La gara per il PMC è stata invece vinta da Parsons Transportation Group
che così seguirà la progettazione definitiva del Ponte sullo Stretto di
Messina.
Colosso statunitense del settore d’ingegneria e costruzioni, Parsons ha
sede a Pasadena (California) e filiali in oltre 80 paesi del mondo.
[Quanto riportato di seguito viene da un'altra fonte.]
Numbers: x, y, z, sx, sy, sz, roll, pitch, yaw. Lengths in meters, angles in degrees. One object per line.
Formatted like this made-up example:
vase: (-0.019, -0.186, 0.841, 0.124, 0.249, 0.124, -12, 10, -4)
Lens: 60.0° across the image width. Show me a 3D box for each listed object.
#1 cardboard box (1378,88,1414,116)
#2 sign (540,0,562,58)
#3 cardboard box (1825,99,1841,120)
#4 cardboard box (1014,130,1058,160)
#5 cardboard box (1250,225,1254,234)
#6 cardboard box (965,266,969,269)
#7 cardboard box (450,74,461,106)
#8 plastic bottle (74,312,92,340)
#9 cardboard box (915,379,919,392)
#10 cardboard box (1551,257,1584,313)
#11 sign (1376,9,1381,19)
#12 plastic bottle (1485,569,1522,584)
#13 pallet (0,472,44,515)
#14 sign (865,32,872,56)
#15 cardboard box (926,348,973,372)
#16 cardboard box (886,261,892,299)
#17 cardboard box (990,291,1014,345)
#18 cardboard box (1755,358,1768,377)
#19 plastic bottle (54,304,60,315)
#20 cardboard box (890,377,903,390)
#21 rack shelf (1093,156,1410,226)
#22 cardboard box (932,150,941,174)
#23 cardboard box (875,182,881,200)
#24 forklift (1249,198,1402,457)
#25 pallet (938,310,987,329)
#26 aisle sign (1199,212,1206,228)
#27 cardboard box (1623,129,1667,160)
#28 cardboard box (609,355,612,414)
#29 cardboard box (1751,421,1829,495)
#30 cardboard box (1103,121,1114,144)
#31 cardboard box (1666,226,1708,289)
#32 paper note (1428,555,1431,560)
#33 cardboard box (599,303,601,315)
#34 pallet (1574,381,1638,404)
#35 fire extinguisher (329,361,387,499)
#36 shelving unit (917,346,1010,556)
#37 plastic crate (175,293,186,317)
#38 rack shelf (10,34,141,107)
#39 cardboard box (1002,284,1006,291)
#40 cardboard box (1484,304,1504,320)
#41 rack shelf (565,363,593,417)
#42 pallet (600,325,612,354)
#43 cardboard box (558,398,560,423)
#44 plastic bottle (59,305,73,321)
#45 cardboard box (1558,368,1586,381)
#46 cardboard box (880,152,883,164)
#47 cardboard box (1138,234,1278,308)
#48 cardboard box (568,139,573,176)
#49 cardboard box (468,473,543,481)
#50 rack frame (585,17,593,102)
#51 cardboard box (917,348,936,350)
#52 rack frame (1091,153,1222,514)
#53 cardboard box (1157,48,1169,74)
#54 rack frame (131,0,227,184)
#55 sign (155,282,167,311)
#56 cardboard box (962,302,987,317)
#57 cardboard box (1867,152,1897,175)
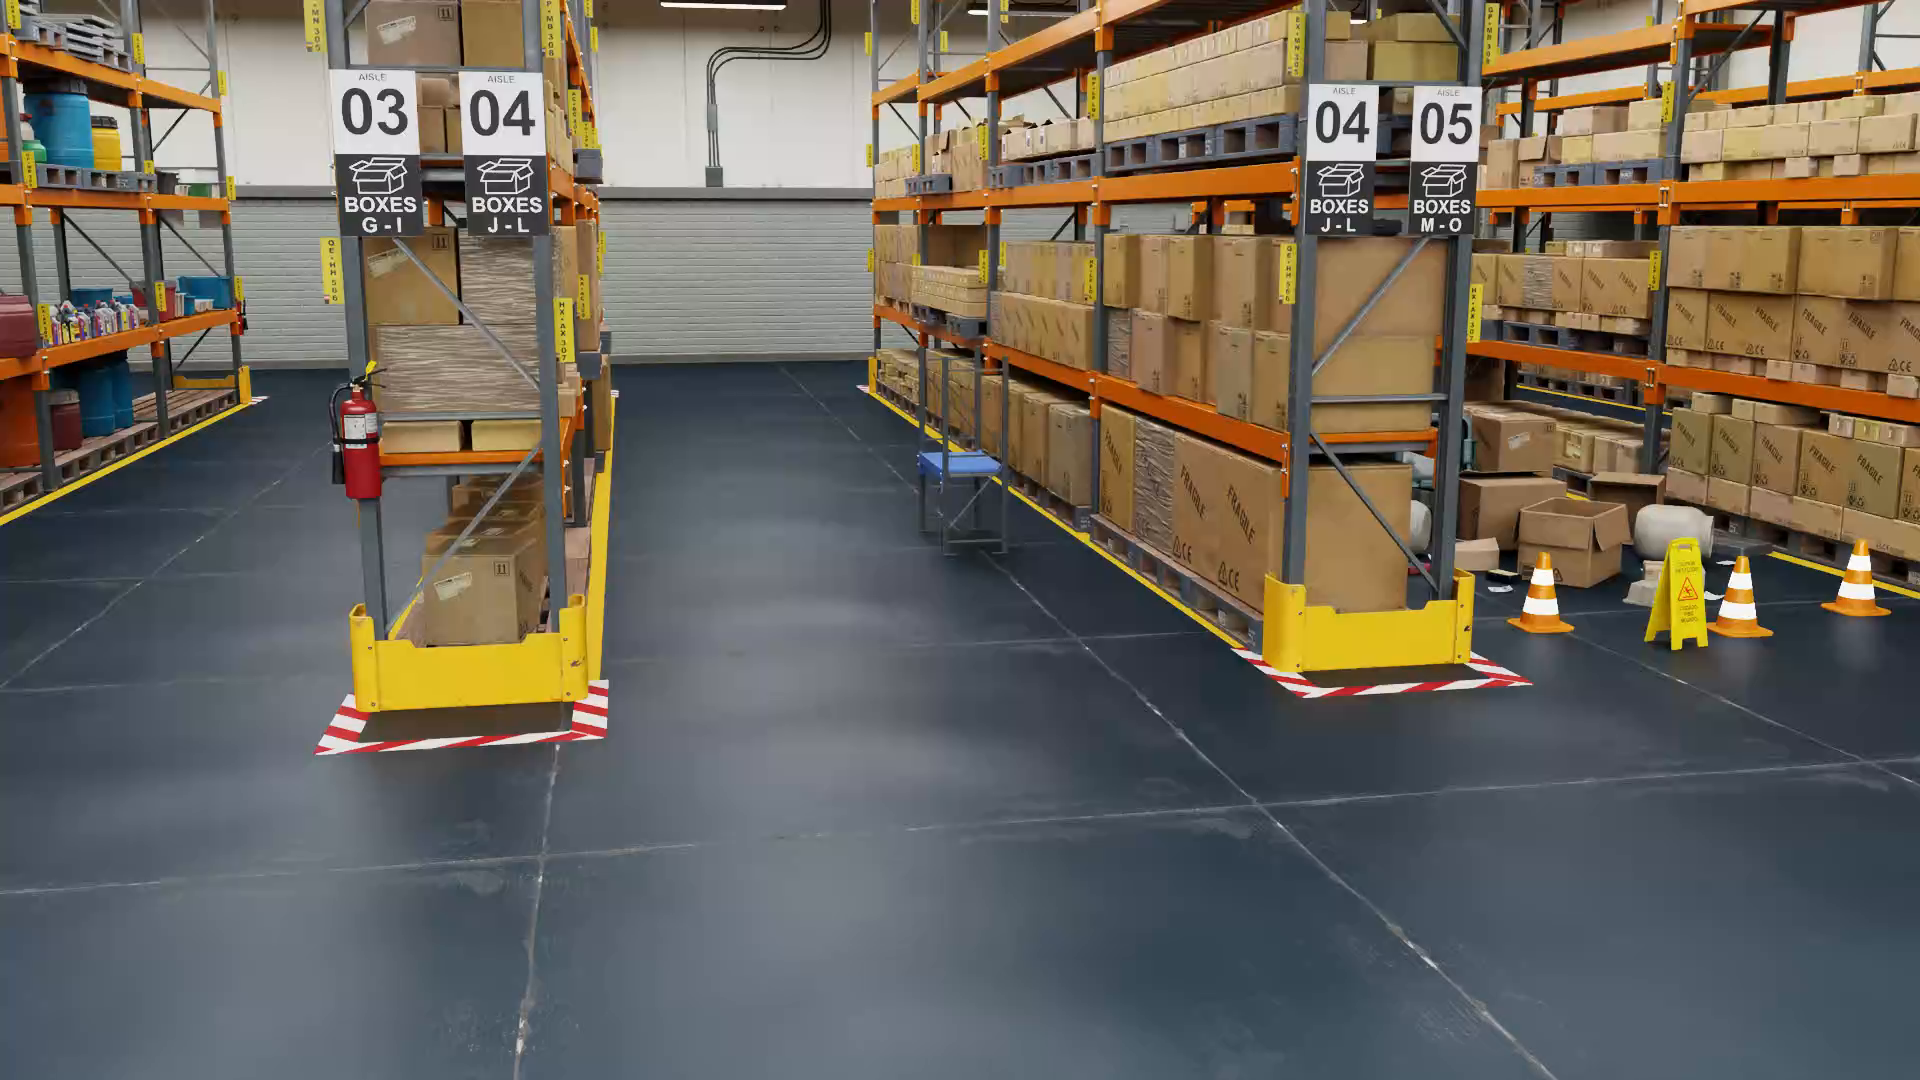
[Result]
cardboard box: (2.578, -2.467, 9.395, 0.380, 0.149, 0.250, -2, 11, -11)
sign: (-2.023, -2.548, 8.200, 0.100, 0.325, 0.005, -2, 11, -11)
cardboard box: (6.512, -3.109, 12.027, 0.380, 0.149, 0.250, -2, 11, -10)
cardboard box: (0.796, -3.677, 15.480, 0.500, 0.250, 0.500, -2, 11, -9)
cardboard box: (4.273, -4.327, 23.232, 0.380, 0.149, 0.250, -2, 11, -12)
cardboard box: (0.265, -3.296, 20.451, 0.380, 0.149, 0.250, -2, 11, -8)
cardboard box: (-2.382, -2.280, 8.464, 0.380, 0.149, 0.250, -2, 11, -11)
plastic bottle: (-9.006, -2.197, 17.048, 0.152, 0.276, 0.135, -2, 11, -11)
cardboard box: (-0.377, -1.986, 21.314, 0.380, 0.149, 0.250, -2, 11, -10)
cardboard box: (5.881, -2.383, 15.507, 0.500, 0.500, 0.500, -2, 11, -9)
sign: (5.362, -6.653, 21.375, 0.100, 0.325, 0.005, -2, 11, -11)
plastic bottle: (3.799, 0.252, 11.707, 0.133, 0.061, 0.283, -6, 13, -31)
pallet: (-8.857, -0.399, 14.728, 1.003, 0.211, 1.213, -2, 11, -11)
sign: (-1.314, -7.147, 23.967, 0.100, 0.325, 0.005, -2, 11, -11)
cardboard box: (-0.120, -2.189, 20.234, 0.500, 0.250, 0.500, -3, 11, -14)
cardboard box: (-0.754, -3.637, 23.219, 0.500, 0.500, 0.500, -2, 11, -10)
cardboard box: (0.596, -2.211, 16.524, 0.500, 0.500, 0.500, -2, 11, -10)
cardboard box: (6.412, -1.340, 12.885, 0.380, 0.149, 0.250, -2, 11, -11)
plastic bottle: (-10.069, -2.481, 18.523, 0.061, 0.283, 0.133, -2, 11, -11)
cardboard box: (-0.760, -2.186, 23.162, 0.380, 0.149, 0.250, -3, 11, -14)
rack shelf: (1.941, -2.274, 11.023, 1.077, 0.370, 4.000, -2, 11, -11)
cardboard box: (-0.039, -4.455, 19.672, 0.500, 0.311, 0.500, -2, 11, -12)
cardboard box: (-0.946, -5.030, 23.979, 0.500, 0.250, 0.500, -2, 11, -9)
forklift: (3.447, -1.990, 15.813, 1.130, 2.935, 3.031, -3, 11, -15)
pallet: (0.349, -2.522, 18.935, 1.003, 0.211, 1.213, -2, 11, -11)
aisle sign: (3.755, -5.200, 25.540, 0.394, 0.787, 0.004, -2, 11, -11)
cardboard box: (6.132, -3.427, 14.436, 0.500, 0.250, 0.500, -2, 11, -12)
cardboard box: (-4.745, -1.872, 19.568, 1.225, 0.875, 0.875, -2, 11, -11)
cardboard box: (6.452, -0.632, 12.720, 0.500, 0.500, 0.500, -2, 11, -8)
cardboard box: (1.289, -3.047, 12.442, 0.380, 0.149, 0.250, -2, 11, -12)
cardboard box: (6.261, -2.317, 13.610, 0.700, 0.500, 0.500, -2, 11, -12)
paper note: (3.611, 0.124, 12.483, 0.172, 0.023, 0.155, 2, 11, 9)
cardboard box: (-4.873, -3.007, 21.643, 0.380, 0.149, 0.250, -2, 11, -10)
pallet: (9.567, -2.124, 23.790, 1.003, 0.211, 1.213, -2, 11, -11)
fire extinguisher: (-2.985, -0.549, 8.267, 0.296, 0.674, 0.183, -2, 11, -11)
shelving unit: (0.017, -0.721, 12.974, 0.538, 1.500, 1.048, -2, 11, -11)
plastic crate: (-9.864, -2.904, 20.587, 0.437, 0.282, 0.530, -2, 11, -11)
rack shelf: (-9.358, -4.676, 16.692, 1.077, 0.370, 4.000, -2, 11, -11)
cardboard box: (0.670, -2.770, 18.479, 0.380, 0.149, 0.250, -2, 11, -11)
cardboard box: (5.554, -2.313, 16.876, 0.380, 0.149, 0.250, -2, 11, -11)
rack shelf: (-3.722, -1.372, 14.307, 1.077, 0.370, 4.000, -2, 11, -11)
pallet: (-3.868, -1.871, 15.519, 1.213, 0.211, 1.003, -2, 11, -11)
cardboard box: (-2.551, -0.747, 9.770, 0.380, 0.149, 0.250, -2, 11, -11)
plastic bottle: (-9.156, -2.233, 17.037, 0.144, 0.351, 0.185, -2, 11, -11)
cardboard box: (9.278, -2.615, 24.477, 0.700, 0.500, 0.500, -3, 11, -13)
cardboard box: (-0.929, -5.395, 23.496, 0.380, 0.149, 0.250, -2, 11, -11)
cardboard box: (1.811, -1.959, 12.178, 0.875, 0.550, 0.550, -2, 11, -11)
cardboard box: (-2.988, -2.685, 11.657, 0.500, 0.250, 0.500, -2, 11, -9)
cardboard box: (-3.295, -0.262, 12.114, 0.500, 0.500, 0.500, -2, 11, -13)
rack frame: (-5.667, -6.507, 23.315, 1.000, 3.000, 0.127, -2, 11, -11)
cardboard box: (-0.431, -2.732, 24.436, 0.380, 0.149, 0.250, -2, 11, -10)
rack frame: (1.552, -1.521, 13.163, 1.000, 3.000, 0.127, -2, 11, -11)
cardboard box: (1.538, -3.205, 11.141, 0.380, 0.149, 0.250, -2, 11, -11)
rack frame: (-10.525, -6.327, 22.369, 1.000, 3.000, 0.127, -2, 11, -11)
sign: (-9.207, -2.802, 19.153, 0.100, 0.325, 0.005, -2, 11, -11)
cardboard box: (0.227, -2.411, 17.389, 0.380, 0.149, 0.250, -2, 11, -10)
cardboard box: (6.600, -2.627, 11.625, 0.380, 0.149, 0.250, -2, 11, -13)

In Iraq, il Program Management Office della coalizione militare
internazionale occupante, ha affidato al gruppo Parsons contratti per
milioni di dollari per la ricostruzione di decine d’infrastrutture
civili e militari. Parsons Transportation Group, che per il regime di
Saddam Hussein aveva realizzato il ponte “14 luglio” sul Tigri e la
megacentrale elettrica di alimentazione della città di Bagdad, nonché
progettato la metropolitana sotterranea della capitale, è stato inoltre
contrattato dal Corpo d’Ingegneria dell’Esercito USA per lo “sminamento
e la distruzione di armi” ed il recupero delle maggiori reti
petrolifere e dei gasdotti irakeni.
Per conto dell’US Air Force, il gruppo Parsons ha riabilitato le
infrastrutture della base aerea di Taji, oggi una delle più importanti
aree operative delle forze armate della coalizione alleata. La società
statunitense è infine subappaltatrice del colosso Bechtel International
Inc. per la realizzazione di un megaprogramma infrastrutturale (sistemi
idrici, ospedali, centri educativi, caserme, stazioni di polizia e
prigioni) coordinato dal PMO e finanziato in parte da USAID, l’agenzia
di cooperazione USA.

In Iraq, contratti complessivi per 200 milioni di dollari sono finiti
invece alle imprese italiane “amiche” del Ponte, principalmente
Snamprogetti e Tecnimont (in gara per il Project Management Consultant
dell’opera) e Techint della famiglia italo-argentina dei Rocca, a capo
dell’impero internazionale dell’acciaio e azionista di riferimento di
Impregilo sino alla primavera del 2007.
La stessa Impregilo continua ad aspirare ad importanti commesse civili
nel martoriato paese arabo. La società di Sesto San Giovanni è del
resto di casa nello scacchiere mediorientale: nel piccolo emirato di
Abu Dhabi, Impregilo ha realizzato numerosi dissalatori e la più grande
moschea del mondo.

Ancora ad Abu Dhabi, Giuseppe Zappia, l’imprenditore italo-canadese che
avrebbe operato per conto di Cosa Nostra per finanziare il Ponte sullo
Stretto, ha progettato un acquedotto di oltre 400 chilometri ed
ottenuto ben otto contratti di costruzioni civili. Negli Emirati Arabi
Zappia ha anche lavorato alla realizzazione di campi base utilizzati
dalle forze armate USA per sferrare i suoi attacchi all’Iraq durante le
due più recenti Guerre del Golfo.

Il Ponte è certamente un mostro del capitalismo senza alcuna parvenza umana.